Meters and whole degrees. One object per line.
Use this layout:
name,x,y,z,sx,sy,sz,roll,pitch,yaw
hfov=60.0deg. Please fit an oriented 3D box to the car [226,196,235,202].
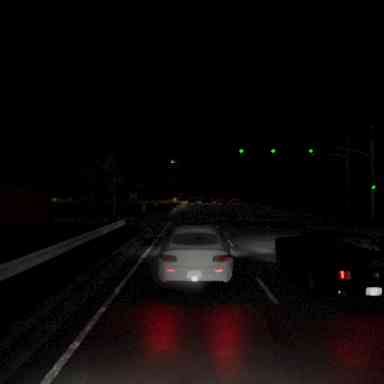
car,10.535,1.963,90.569,1.882,1.535,5.008,0,0,0

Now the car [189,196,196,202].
car,0.035,1.986,90.573,1.837,1.490,4.892,0,0,0

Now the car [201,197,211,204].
car,3.531,1.929,80.538,2.097,1.767,4.553,0,0,0

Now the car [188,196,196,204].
car,0.031,2.110,80.151,2.033,1.411,5.357,0,0,0

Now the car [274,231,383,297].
car,3.573,1.665,8.719,1.895,1.301,4.718,0,0,0

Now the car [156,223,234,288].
car,0.090,1.594,9.362,1.812,1.442,4.674,0,0,1

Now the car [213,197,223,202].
car,7.035,2.011,90.570,2.128,1.511,4.902,0,0,0

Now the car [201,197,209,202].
car,3.535,2.011,90.571,2.128,1.511,4.902,0,0,0

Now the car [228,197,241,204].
car,10.531,2.047,80.148,1.882,1.535,5.008,0,0,0

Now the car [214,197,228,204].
car,7.031,1.929,80.537,2.097,1.767,4.553,0,0,0
*-*-*
Task to complete
Return all of the material exactly, without pictures.

Task result
Meters and whole degrees. One object per line.
Use this layout:
name,x,y,z,sx,sy,sz,roll,pitch,yaw
hfov=60.0deg. Please fit an oriented 3D box to the car [226,196,235,202].
car,10.535,1.963,90.569,1.882,1.535,5.008,0,0,0

Now the car [189,196,196,202].
car,0.035,1.986,90.573,1.837,1.490,4.892,0,0,0

Now the car [201,197,211,204].
car,3.531,1.929,80.538,2.097,1.767,4.553,0,0,0

Now the car [188,196,196,204].
car,0.031,2.110,80.151,2.033,1.411,5.357,0,0,0

Now the car [274,231,383,297].
car,3.573,1.665,8.719,1.895,1.301,4.718,0,0,0

Now the car [156,223,234,288].
car,0.090,1.594,9.362,1.812,1.442,4.674,0,0,1

Now the car [213,197,223,202].
car,7.035,2.011,90.570,2.128,1.511,4.902,0,0,0

Now the car [201,197,209,202].
car,3.535,2.011,90.571,2.128,1.511,4.902,0,0,0

Now the car [228,197,241,204].
car,10.531,2.047,80.148,1.882,1.535,5.008,0,0,0

Now the car [214,197,228,204].
car,7.031,1.929,80.537,2.097,1.767,4.553,0,0,0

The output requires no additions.